On Sat, Aug 10, 2013 at 12:03:00AM -0700, Jonathan Nieder wrote:
> Jeff King wrote:
> > Sorry to be unclear. I meant that treating /etc/mailname and gethostname
> > differently might be justified on Debian under the logic "if you have
> > /etc/mailname, that is a trustworthy address, and if you do not, then we
> > cannot guess at a trustworthy address (because putting it in
> > /etc/mailname is the accepted way to do so on Debian)".
> > But such logic would not extend to other operating systems, where
> > /etc/mailname does not have such a status.
> I thought that on other operating systems people typically don't have
> an /etc/mailname. How does trusting the file when present hurt?
I guess I am not explaining myself well. Trusting the file when present
does not hurt at all. But the logic above is making assumptions about
the state when the file is _not_ present (i.e., the "if you do not..."
clause above). On Debian, we might assume that if /etc/mailname is not
present that this is a clue that the machine cannot produce a useful
address. But on other operating systems, that is not a useful clue (it
is simply that /etc/mailname is not used on that system). Dying on such
a system when /etc/mailname is not present would be a regression.

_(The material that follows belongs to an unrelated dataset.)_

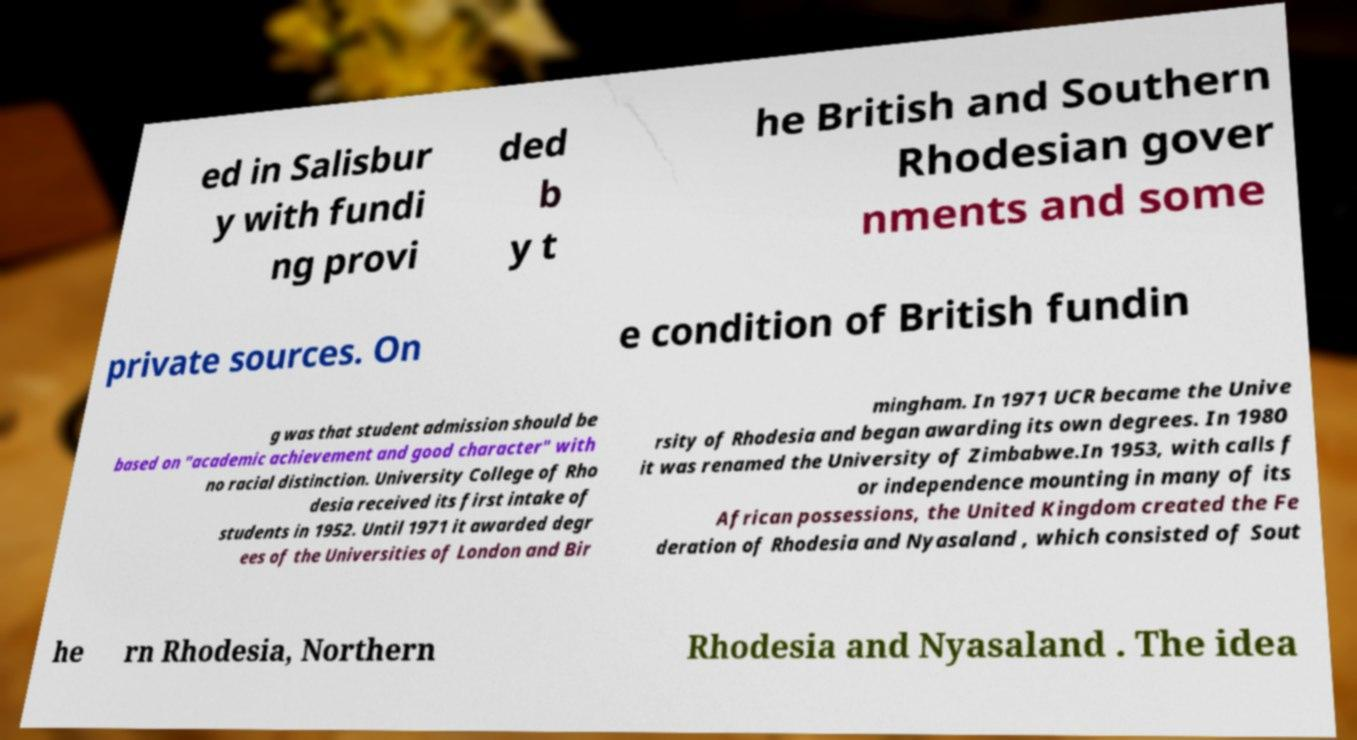Can you accurately transcribe the text from the provided image for me? ed in Salisbur y with fundi ng provi ded b y t he British and Southern Rhodesian gover nments and some private sources. On e condition of British fundin g was that student admission should be based on "academic achievement and good character" with no racial distinction. University College of Rho desia received its first intake of students in 1952. Until 1971 it awarded degr ees of the Universities of London and Bir mingham. In 1971 UCR became the Unive rsity of Rhodesia and began awarding its own degrees. In 1980 it was renamed the University of Zimbabwe.In 1953, with calls f or independence mounting in many of its African possessions, the United Kingdom created the Fe deration of Rhodesia and Nyasaland , which consisted of Sout he rn Rhodesia, Northern Rhodesia and Nyasaland . The idea

Does that make more sense?
> I *am* a bit worried about what people might put in /etc/mailname on
> Debian systems when there is no appropriate host to put there (as on
> Thorsten's machine).
Yeah. Or even in a split-horizon setup where the mail is deliverable but
does not reflect the public identity of the user. I think we are getting
down to the question I mentioned elsewhere: it is not about whether we
have a deliverable address or not, but what users want to cement in
history for all time as their identity.
So thinking too much about /etc/mailname versus gethostname is probably
not useful. Either it is worth breaking the few (if any) users who
depend on the auto ident in favor of fewer accidental implicit idents
making their way into the wild, or it is not.